Ahmed Chalabi – Oil Man in Baghdad and Bag Man in Tel Aviv
‘He’s a criminal banker,’ says Akins, the former ambassador to Saudi Arabia. ‘He’s a swindler. He’s interested in getting money, and I suspect it’s all gone into his bank accounts and those of his friends.’

And who was it I saw the other day, posing for a photo op when US marines toppled the statue of Saddam and draped it in the flag (conveniently to hand of course) that flew over the Pentagon on 911? Why it’s our man Ahmed Chalabi again.

And lest you pour scorn on one of the other ‘largely nonsense…conspiracy theories’ (the Israel connection) like the Independent does, Chalabi is also ‘our’ man in Tel Aviv.

”Chalabi’s cheerleaders include the Washington Institute for Near East Policy (WINEP) and the Jewish Institute for National Security Affairs (JINSA). ‘Chalabi is the one that we know the best,’ says Shoshana Bryen, director of special projects for JINSA, where Chalabi has been a frequent guest at board meetings, symposia and other events since 1997. ‘He could be Iraq’s national leader,’ says Patrick Clawson, deputy director of WINEP, whose board of advisers includes pro-Israeli luminaries such as [Richard] Perle, [Paul] Wolfowitz and Martin Peretz of The New Republic.” – Robert Dreyfuss, ‘Tinker, Banker, NeoCon, Spy,’ The American Prospect vol. 13 no. 21, November 18, 2002.

He gets around does Chalabi. Most important of all, he’s the oil companies favourite man in the White House, where it really counts, never mind that the State Department and the CIA think he’s a flake and a thief.

‘The US-UK companies, keen to regain their former dominance in Iraq, fear that they would lose their leading role in the world oil industry if these contracts [with France and Russia]…come to fruition.

‘We will review all these agreements, definitely,’ said Faisal Qaragholi to a Washington Post reporter in September. Quaragholi is a petroleum engineer who directs the London office of the Iraqi National Congress (INC)… that is backed by the United States. ‘Our oil policies should be decided by a government in Iraq elected by the people.’

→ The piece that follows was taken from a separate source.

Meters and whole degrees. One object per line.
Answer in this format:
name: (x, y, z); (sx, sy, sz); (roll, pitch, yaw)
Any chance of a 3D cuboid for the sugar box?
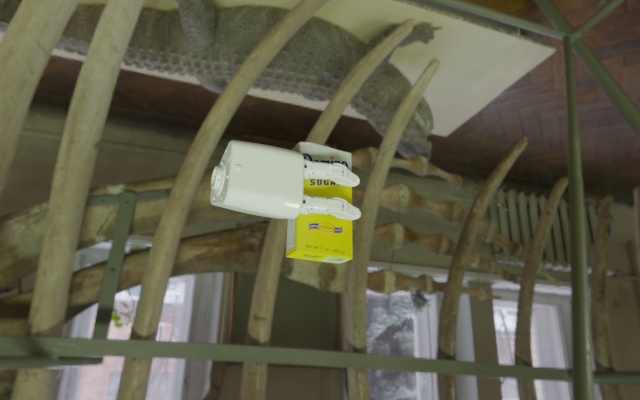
sugar box: (0.000, 0.002, 0.722); (0.093, 0.176, 0.048); (11, -22, -24)

‘Ahmed Chalabi, the INC leader, went even further, saying he favored the creation of a U.S.-led consortium to develop Iraq’s oil fields, which have deteriorated under more than a decade of sanctions. ‘American companies will have a big shot at Iraqi oil,’ Chalabi said.’
Source: http://www.globalpolicy.org/security/oil/2002/12heart.htm

As ever, the Western media whether pro- or ‘anti-war’, when push comes to shove, knows where it stands and is prepared to ignore the obvious as it dishes up pathetic excuses for western imperialism in the name of ‘objective’ journalism and its attempts to relegate opponents of the war as ‘loony conspiracists’. Yet the facts speak for themselves, which is why I’ve gone to such lengths to research this piece from as many different sources as possible, lest there be any doubters amongst you who think I’m loony too.

After all, it doesn’t need to be a conspiracy in order to be true. It’s just the way things are, but it needn’t be, not if we don’t want it to. It’s up to you.